** Source records follows **

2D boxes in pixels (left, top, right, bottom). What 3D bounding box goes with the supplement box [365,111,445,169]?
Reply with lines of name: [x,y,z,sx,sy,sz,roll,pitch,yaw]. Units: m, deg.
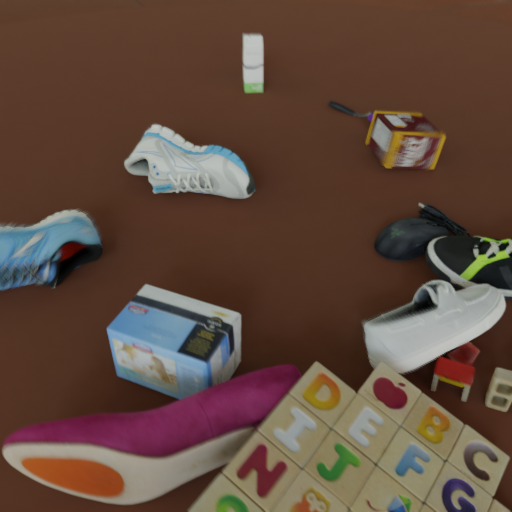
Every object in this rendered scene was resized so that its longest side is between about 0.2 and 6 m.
supplement box: [2.884,-2.255,10.915,1.051,0.707,1.065,-1,37,-15]

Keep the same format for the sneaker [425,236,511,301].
sneaker: [3.929,-0.008,7.793,2.948,1.221,1.057,14,41,17]

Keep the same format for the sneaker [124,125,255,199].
sneaker: [-1.242,-1.419,9.982,2.652,0.994,1.149,22,57,29]

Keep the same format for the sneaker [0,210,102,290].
sneaker: [-3.249,0.052,8.034,2.227,0.873,1.002,-27,49,-29]

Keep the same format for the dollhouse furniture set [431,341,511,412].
dollhouse furniture set: [2.980,1.324,6.573,1.607,0.654,0.865,16,40,19]

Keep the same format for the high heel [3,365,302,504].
high heel: [-0.915,1.720,5.873,3.044,1.026,1.463,8,39,-7]

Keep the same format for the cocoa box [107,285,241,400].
cocoa box: [-0.949,1.075,6.697,1.331,0.887,0.873,15,41,18]

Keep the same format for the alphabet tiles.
alphabet tiles: [1.044,2.450,5.014,2.692,0.102,3.235,37,49,16]

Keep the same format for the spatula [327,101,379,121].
spatula: [2.323,-3.214,12.652,1.725,0.177,0.487,27,49,32]

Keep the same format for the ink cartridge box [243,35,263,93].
ink cartridge box: [-0.073,-4.721,13.767,0.482,1.147,0.834,-1,39,-1]

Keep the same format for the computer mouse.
computer mouse: [2.582,-0.411,8.947,1.594,0.420,1.104,-21,44,-24]

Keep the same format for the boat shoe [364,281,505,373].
boat shoe: [2.254,0.721,7.096,2.174,0.745,0.783,-22,10,-18]
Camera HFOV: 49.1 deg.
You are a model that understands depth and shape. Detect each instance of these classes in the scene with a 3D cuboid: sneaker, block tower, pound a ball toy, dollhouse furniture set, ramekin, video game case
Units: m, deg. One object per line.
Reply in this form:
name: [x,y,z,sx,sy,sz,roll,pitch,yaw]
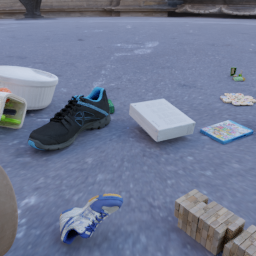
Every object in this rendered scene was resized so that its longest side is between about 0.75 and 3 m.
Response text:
sneaker: [-0.586,1.518,4.605,1.252,0.471,0.552,-30,42,20]
block tower: [1.665,1.768,4.414,0.587,0.548,2.031,-20,33,-32]
sneaker: [-1.635,-0.330,7.961,1.056,1.181,2.883,19,33,30]
pound a ball toy: [-4.233,-0.769,8.053,2.662,1.131,1.735,8,-8,18]
dollhouse furniture set: [5.217,-2.567,13.367,0.531,0.411,1.063,0,26,1]
ramekin: [-3.683,-1.421,9.859,2.315,1.078,2.315,10,18,-3]
video game case: [2.920,0.097,8.297,1.276,0.114,0.913,-15,30,-28]

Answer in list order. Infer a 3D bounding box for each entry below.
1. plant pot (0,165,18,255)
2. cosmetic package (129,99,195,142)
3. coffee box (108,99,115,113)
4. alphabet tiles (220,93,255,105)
plant pot: [-2.863,1.326,3.456,2.815,2.815,2.455,19,13,33]
cosmetic package: [0.944,-0.282,8.148,1.233,0.422,1.635,-9,34,-26]
coffee box: [-1.172,-0.718,9.748,1.302,0.286,0.800,-6,25,-13]
alphabet tiles: [4.217,-1.093,10.741,1.221,0.089,1.194,-1,27,-1]

** End of Source records **

What needs to be done: Retype the records above, but only those lines that fall between the line containing "Keep the same format for the sneaker [425,236,511,301]." and the line containing "Camera HFOV: 49.1 deg.", with both of those lines included, exactly as written.

Solved exercise:
Keep the same format for the sneaker [425,236,511,301].
sneaker: [3.929,-0.008,7.793,2.948,1.221,1.057,14,41,17]

Keep the same format for the sneaker [124,125,255,199].
sneaker: [-1.242,-1.419,9.982,2.652,0.994,1.149,22,57,29]

Keep the same format for the sneaker [0,210,102,290].
sneaker: [-3.249,0.052,8.034,2.227,0.873,1.002,-27,49,-29]

Keep the same format for the dollhouse furniture set [431,341,511,412].
dollhouse furniture set: [2.980,1.324,6.573,1.607,0.654,0.865,16,40,19]

Keep the same format for the high heel [3,365,302,504].
high heel: [-0.915,1.720,5.873,3.044,1.026,1.463,8,39,-7]

Keep the same format for the cocoa box [107,285,241,400].
cocoa box: [-0.949,1.075,6.697,1.331,0.887,0.873,15,41,18]

Keep the same format for the alphabet tiles.
alphabet tiles: [1.044,2.450,5.014,2.692,0.102,3.235,37,49,16]

Keep the same format for the spatula [327,101,379,121].
spatula: [2.323,-3.214,12.652,1.725,0.177,0.487,27,49,32]

Keep the same format for the ink cartridge box [243,35,263,93].
ink cartridge box: [-0.073,-4.721,13.767,0.482,1.147,0.834,-1,39,-1]

Keep the same format for the computer mouse.
computer mouse: [2.582,-0.411,8.947,1.594,0.420,1.104,-21,44,-24]

Keep the same format for the boat shoe [364,281,505,373].
boat shoe: [2.254,0.721,7.096,2.174,0.745,0.783,-22,10,-18]
Camera HFOV: 49.1 deg.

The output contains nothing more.